The aim of the this notebook (and the 04_benchmark_integration) is to test the integration comparing non-integrated PC, scANVI embedding and PC obtained from scANVI normalized expression matrix.

Here, we will generate an adata object including three embedded space as explained above.

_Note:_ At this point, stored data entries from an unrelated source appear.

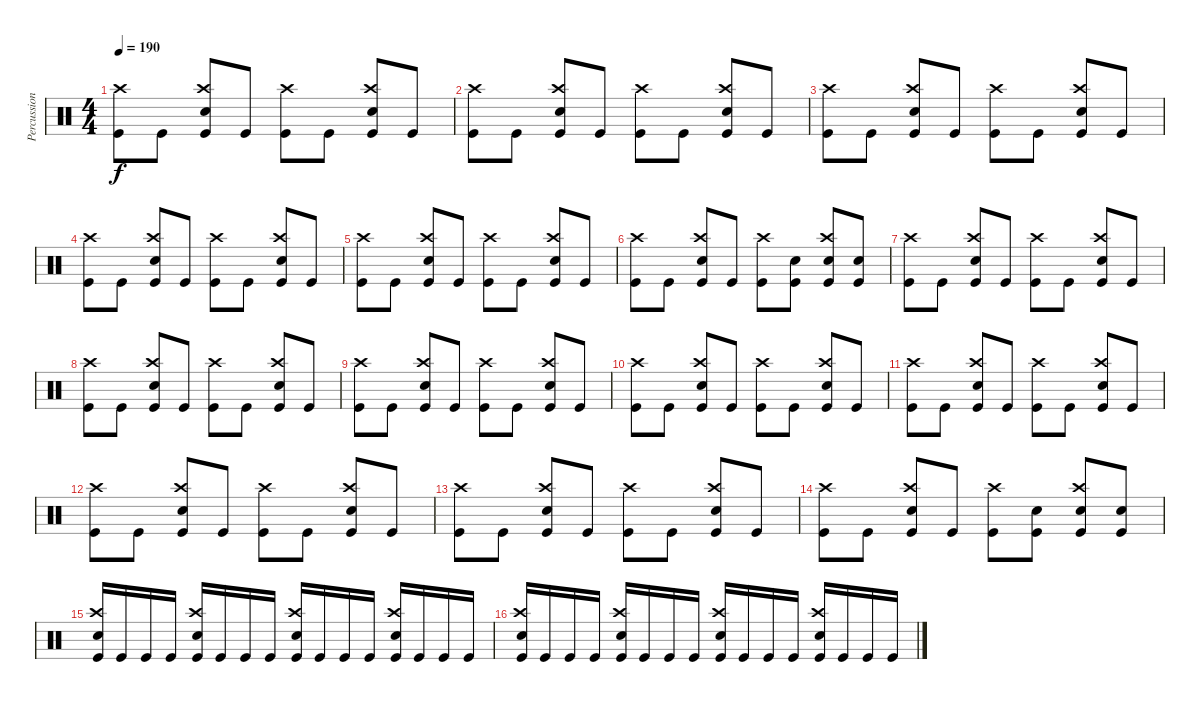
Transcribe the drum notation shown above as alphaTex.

\track ("Percussion" "Percussion") {instrument percussion}
\staff {score}
\articulation defaults
\ts (4 4)
\tempo 190
\clef neutral
\ks c
("Kick (hit)" "Crash high (hit)").8{dy f} "Kick (hit)".8 ("Kick (hit)" "Electric Snare (hit)" "Crash high (hit)").8 "Kick (hit)".8 ("Kick (hit)" "Crash high (hit)").8 "Kick (hit)".8 ("Kick (hit)" "Electric Snare (hit)" "Crash high (hit)").8 "Kick (hit)".8 |
("Kick (hit)" "Crash high (hit)").8 "Kick (hit)".8 ("Kick (hit)" "Electric Snare (hit)" "Crash high (hit)").8 "Kick (hit)".8 ("Kick (hit)" "Crash high (hit)").8 "Kick (hit)".8 ("Kick (hit)" "Electric Snare (hit)" "Crash high (hit)").8 "Kick (hit)".8 |
("Kick (hit)" "Crash high (hit)").8 "Kick (hit)".8 ("Kick (hit)" "Electric Snare (hit)" "Crash high (hit)").8 "Kick (hit)".8 ("Kick (hit)" "Crash high (hit)").8 "Kick (hit)".8 ("Kick (hit)" "Electric Snare (hit)" "Crash high (hit)").8 "Kick (hit)".8 |
("Kick (hit)" "Crash high (hit)").8 "Kick (hit)".8 ("Kick (hit)" "Electric Snare (hit)" "Crash high (hit)").8 "Kick (hit)".8 ("Kick (hit)" "Crash high (hit)").8 "Kick (hit)".8 ("Kick (hit)" "Electric Snare (hit)" "Crash high (hit)").8 "Kick (hit)".8 |
("Kick (hit)" "Crash high (hit)").8 "Kick (hit)".8 ("Kick (hit)" "Electric Snare (hit)" "Crash high (hit)").8 "Kick (hit)".8 ("Kick (hit)" "Crash high (hit)").8 "Kick (hit)".8 ("Kick (hit)" "Electric Snare (hit)" "Crash high (hit)").8 "Kick (hit)".8 |
("Kick (hit)" "Crash high (hit)").8 "Kick (hit)".8 ("Kick (hit)" "Electric Snare (hit)" "Crash high (hit)").8 "Kick (hit)".8 ("Kick (hit)" "Crash high (hit)").8 ("Kick (hit)" "Electric Snare (hit)").8 ("Kick (hit)" "Electric Snare (hit)" "Crash high (hit)").8 ("Kick (hit)" "Electric Snare (hit)").8 |
("Kick (hit)" "Crash high (hit)").8 "Kick (hit)".8 ("Kick (hit)" "Electric Snare (hit)" "Crash high (hit)").8 "Kick (hit)".8 ("Kick (hit)" "Crash high (hit)").8 "Kick (hit)".8 ("Kick (hit)" "Electric Snare (hit)" "Crash high (hit)").8 "Kick (hit)".8 |
("Kick (hit)" "Crash high (hit)").8 "Kick (hit)".8 ("Kick (hit)" "Electric Snare (hit)" "Crash high (hit)").8 "Kick (hit)".8 ("Kick (hit)" "Crash high (hit)").8 "Kick (hit)".8 ("Kick (hit)" "Electric Snare (hit)" "Crash high (hit)").8 "Kick (hit)".8 |
("Kick (hit)" "Crash high (hit)").8 "Kick (hit)".8 ("Kick (hit)" "Electric Snare (hit)" "Crash high (hit)").8 "Kick (hit)".8 ("Kick (hit)" "Crash high (hit)").8 "Kick (hit)".8 ("Kick (hit)" "Electric Snare (hit)" "Crash high (hit)").8 "Kick (hit)".8 |
("Kick (hit)" "Crash high (hit)").8 "Kick (hit)".8 ("Kick (hit)" "Electric Snare (hit)" "Crash high (hit)").8 "Kick (hit)".8 ("Kick (hit)" "Crash high (hit)").8 "Kick (hit)".8 ("Kick (hit)" "Electric Snare (hit)" "Crash high (hit)").8 "Kick (hit)".8 |
("Kick (hit)" "Crash high (hit)").8 "Kick (hit)".8 ("Kick (hit)" "Electric Snare (hit)" "Crash high (hit)").8 "Kick (hit)".8 ("Kick (hit)" "Crash high (hit)").8 "Kick (hit)".8 ("Kick (hit)" "Electric Snare (hit)" "Crash high (hit)").8 "Kick (hit)".8 |
("Kick (hit)" "Crash high (hit)").8 "Kick (hit)".8 ("Kick (hit)" "Electric Snare (hit)" "Crash high (hit)").8 "Kick (hit)".8 ("Kick (hit)" "Crash high (hit)").8 "Kick (hit)".8 ("Kick (hit)" "Electric Snare (hit)" "Crash high (hit)").8 "Kick (hit)".8 |
("Kick (hit)" "Crash high (hit)").8 "Kick (hit)".8 ("Kick (hit)" "Electric Snare (hit)" "Crash high (hit)").8 "Kick (hit)".8 ("Kick (hit)" "Crash high (hit)").8 "Kick (hit)".8 ("Kick (hit)" "Electric Snare (hit)" "Crash high (hit)").8 "Kick (hit)".8 |
("Kick (hit)" "Crash high (hit)").8 "Kick (hit)".8 ("Kick (hit)" "Electric Snare (hit)" "Crash high (hit)").8 "Kick (hit)".8 ("Kick (hit)" "Crash high (hit)").8 ("Kick (hit)" "Electric Snare (hit)").8 ("Kick (hit)" "Electric Snare (hit)" "Crash high (hit)").8 ("Kick (hit)" "Electric Snare (hit)").8 |
("Crash high (hit)" "Electric Snare (hit)" "Kick (hit)").16 "Kick (hit)".16 "Kick (hit)".16 "Kick (hit)".16 ("Crash high (hit)" "Electric Snare (hit)" "Kick (hit)").16 "Kick (hit)".16 "Kick (hit)".16 "Kick (hit)".16 ("Crash high (hit)" "Electric Snare (hit)" "Kick (hit)").16 "Kick (hit)".16 "Kick (hit)".16 "Kick (hit)".16 ("Crash high (hit)" "Electric Snare (hit)" "Kick (hit)").16 "Kick (hit)".16 "Kick (hit)".16 "Kick (hit)".16 |
("Crash high (hit)" "Electric Snare (hit)" "Kick (hit)").16 "Kick (hit)".16 "Kick (hit)".16 "Kick (hit)".16 ("Crash high (hit)" "Electric Snare (hit)" "Kick (hit)").16 "Kick (hit)".16 "Kick (hit)".16 "Kick (hit)".16 ("Crash high (hit)" "Electric Snare (hit)" "Kick (hit)").16 "Kick (hit)".16 "Kick (hit)".16 "Kick (hit)".16 ("Crash high (hit)" "Electric Snare (hit)" "Kick (hit)").16 "Kick (hit)".16 "Kick (hit)".16 "Kick (hit)".16

For each embedding we will use the same number of dimension (30)

In [1]:
import scanpy as sc

import pandas as pd
import numpy as np

import scvi

from pyprojroot import here
from glob import glob
import os

### Loading raw non-integrated object

This object was integrated using scANVI

In [2]:
adata = sc.read_h5ad(here("03_downstream_analysis/02_gene_universe_definition/results/04_MAIN_geneUniverse_noRBCnPlatelets.h5ad"))

In [3]:
adata.obs['binned_age'] = adata.obs['binned_age'].astype(str)

### Loading scANVI model

In [4]:
scanvi_model = scvi.model.SCANVI.load(here('03_downstream_analysis/04_integration_with_annotation/results/scANVI_model_fineTuned_lowLR_noRBCnPlat'), 
                                      adata=adata) 

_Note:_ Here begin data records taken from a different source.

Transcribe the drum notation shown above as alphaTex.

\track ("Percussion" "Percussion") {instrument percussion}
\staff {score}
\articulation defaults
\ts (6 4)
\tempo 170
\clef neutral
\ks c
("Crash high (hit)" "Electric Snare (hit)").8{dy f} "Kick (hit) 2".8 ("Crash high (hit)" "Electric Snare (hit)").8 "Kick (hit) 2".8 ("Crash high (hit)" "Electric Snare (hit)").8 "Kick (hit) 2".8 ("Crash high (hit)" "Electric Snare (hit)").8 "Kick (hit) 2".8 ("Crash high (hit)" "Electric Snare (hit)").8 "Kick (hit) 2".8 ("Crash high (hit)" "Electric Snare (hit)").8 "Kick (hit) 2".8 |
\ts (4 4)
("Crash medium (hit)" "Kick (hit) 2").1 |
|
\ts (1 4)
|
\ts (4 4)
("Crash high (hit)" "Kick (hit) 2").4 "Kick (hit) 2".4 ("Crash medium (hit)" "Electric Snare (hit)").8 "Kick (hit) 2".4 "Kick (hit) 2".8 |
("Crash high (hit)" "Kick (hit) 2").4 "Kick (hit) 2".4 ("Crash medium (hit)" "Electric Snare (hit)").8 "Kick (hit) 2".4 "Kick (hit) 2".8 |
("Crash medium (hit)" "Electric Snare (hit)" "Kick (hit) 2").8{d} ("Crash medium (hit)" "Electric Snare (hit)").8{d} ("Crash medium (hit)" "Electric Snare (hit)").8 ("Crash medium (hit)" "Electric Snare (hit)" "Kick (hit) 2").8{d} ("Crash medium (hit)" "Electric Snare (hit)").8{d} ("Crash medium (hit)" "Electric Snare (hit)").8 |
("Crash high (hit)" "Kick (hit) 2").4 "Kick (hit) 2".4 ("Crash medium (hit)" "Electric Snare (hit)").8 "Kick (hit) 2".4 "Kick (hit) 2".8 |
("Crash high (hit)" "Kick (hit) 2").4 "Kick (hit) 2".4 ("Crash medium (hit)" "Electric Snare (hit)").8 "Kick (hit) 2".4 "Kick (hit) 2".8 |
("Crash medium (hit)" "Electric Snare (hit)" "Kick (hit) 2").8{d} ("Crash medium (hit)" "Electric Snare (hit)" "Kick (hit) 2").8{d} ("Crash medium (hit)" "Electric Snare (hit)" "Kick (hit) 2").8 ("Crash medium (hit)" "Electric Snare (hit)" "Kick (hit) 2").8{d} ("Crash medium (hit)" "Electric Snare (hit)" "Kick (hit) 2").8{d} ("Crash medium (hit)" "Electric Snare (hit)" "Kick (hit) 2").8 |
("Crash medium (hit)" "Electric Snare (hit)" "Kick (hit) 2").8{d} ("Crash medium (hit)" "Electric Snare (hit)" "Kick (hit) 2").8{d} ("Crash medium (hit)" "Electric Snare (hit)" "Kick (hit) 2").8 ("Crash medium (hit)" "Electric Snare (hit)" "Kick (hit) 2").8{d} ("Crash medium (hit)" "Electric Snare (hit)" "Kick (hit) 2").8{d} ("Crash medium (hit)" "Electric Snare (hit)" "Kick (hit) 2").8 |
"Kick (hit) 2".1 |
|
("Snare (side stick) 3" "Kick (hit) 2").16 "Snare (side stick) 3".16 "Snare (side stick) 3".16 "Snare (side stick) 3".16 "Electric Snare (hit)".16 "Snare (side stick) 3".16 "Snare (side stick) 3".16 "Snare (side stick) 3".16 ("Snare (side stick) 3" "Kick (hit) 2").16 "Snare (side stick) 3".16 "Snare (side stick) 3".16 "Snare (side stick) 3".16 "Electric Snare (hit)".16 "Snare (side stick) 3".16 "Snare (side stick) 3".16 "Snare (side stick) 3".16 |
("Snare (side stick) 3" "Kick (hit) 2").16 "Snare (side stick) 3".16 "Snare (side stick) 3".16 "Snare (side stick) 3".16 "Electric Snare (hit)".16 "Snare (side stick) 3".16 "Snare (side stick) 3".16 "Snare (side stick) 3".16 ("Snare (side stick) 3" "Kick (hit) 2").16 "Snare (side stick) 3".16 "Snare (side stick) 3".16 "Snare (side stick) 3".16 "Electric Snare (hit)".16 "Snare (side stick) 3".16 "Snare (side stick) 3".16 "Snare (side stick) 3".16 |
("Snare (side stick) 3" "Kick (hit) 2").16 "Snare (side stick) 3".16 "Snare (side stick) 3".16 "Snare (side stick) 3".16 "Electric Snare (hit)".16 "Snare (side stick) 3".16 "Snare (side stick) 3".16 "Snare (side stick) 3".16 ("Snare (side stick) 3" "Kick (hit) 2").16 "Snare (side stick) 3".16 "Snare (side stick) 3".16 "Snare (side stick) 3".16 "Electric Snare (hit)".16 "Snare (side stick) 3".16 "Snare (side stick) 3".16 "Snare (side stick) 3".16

/scratch_isilon/groups/singlecell/shared/conda_env/scvi-v112/lib/python3.9/site-packages/lightning/fabric/plugins/environments/slurm.py:191: The `srun` command is available on your system but is not used. HINT: If your intention is to run Lightning on SLURM, prepend your python command with `srun` like so: srun python3.9 /scratch_isilon/groups/singlecell/shared/conda_en ...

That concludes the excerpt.